Sekou Cissé jest bardzo ambitny. Napastnik Feyenoordu od stycznia borykał się z problemem stopy, przez co zaliczył do tej pory bardzo mało występów. Mimo wszystko chce z czasem zrealizować swe marzenia. "Pewnego dnia zagram w Premier League".
"Podpisałem z Feyenoordem pięcioletni kontrakt, ale nie wypełnię do końca tej umowy. Zawsze jestem szczery. Po prostu Cissé to typ chłopaka ambitnego. Kluczowym momentem będzie jednak powrót na boisko.
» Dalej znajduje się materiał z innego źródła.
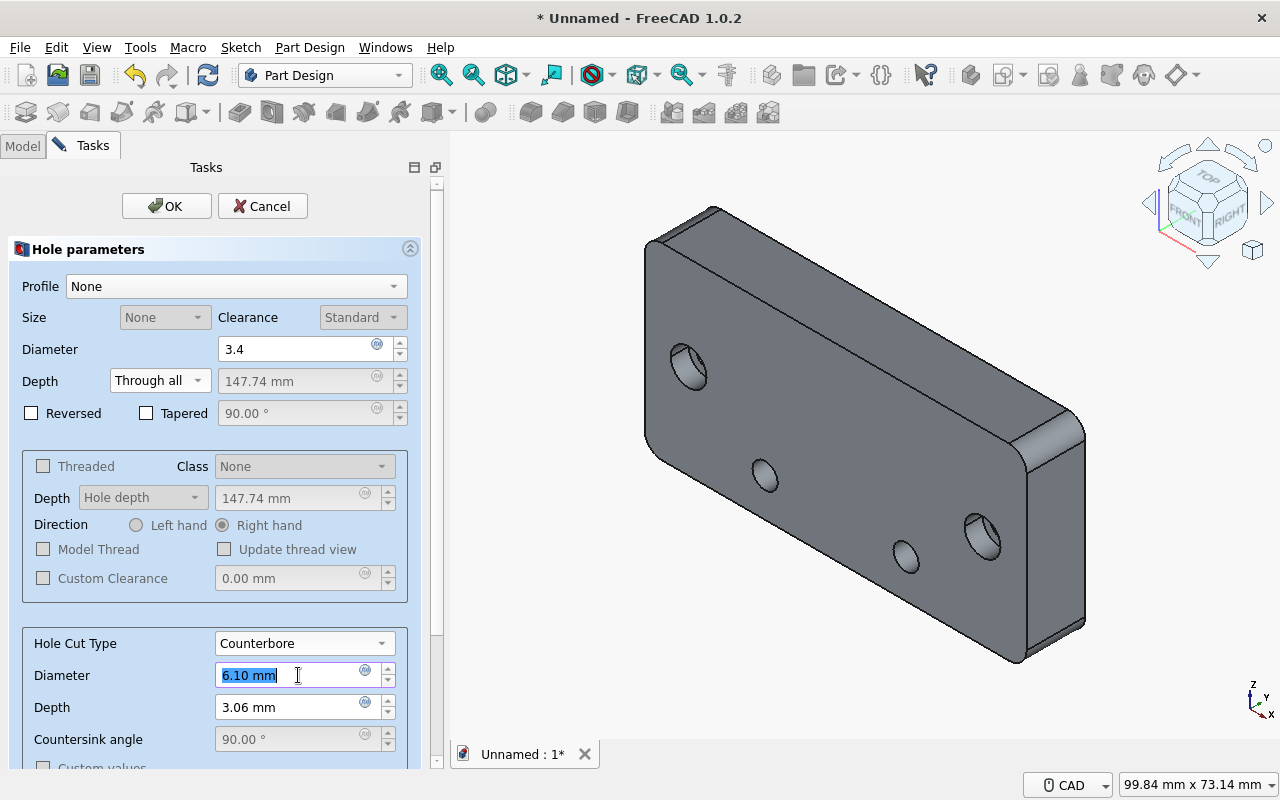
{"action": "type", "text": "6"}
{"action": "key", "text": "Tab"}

Chcę pomóc zespołowi i udowodnić wszystkim, że wydane na mnie pieniądze były dobrym wydatkiem" - powiedział snajper.
"Często odnoszę się do Cheika Tioté. Jeden z moich najlepszych przyjaciół, z którym dorastałem w Wybrzeżu Kości Słoniowej i to z nim grałem wiele lat. Jestem z niego dumny, bo teraz jest w Anglii i reprezentuje Newcastle United. On osiągnął swój cel. Moim celem również jest Premier League, ale będę musiał poczekać trochę dłużej. Pewnego dnia to się stanie, jestem pewien" - podsumowuje 25-letni napastnik.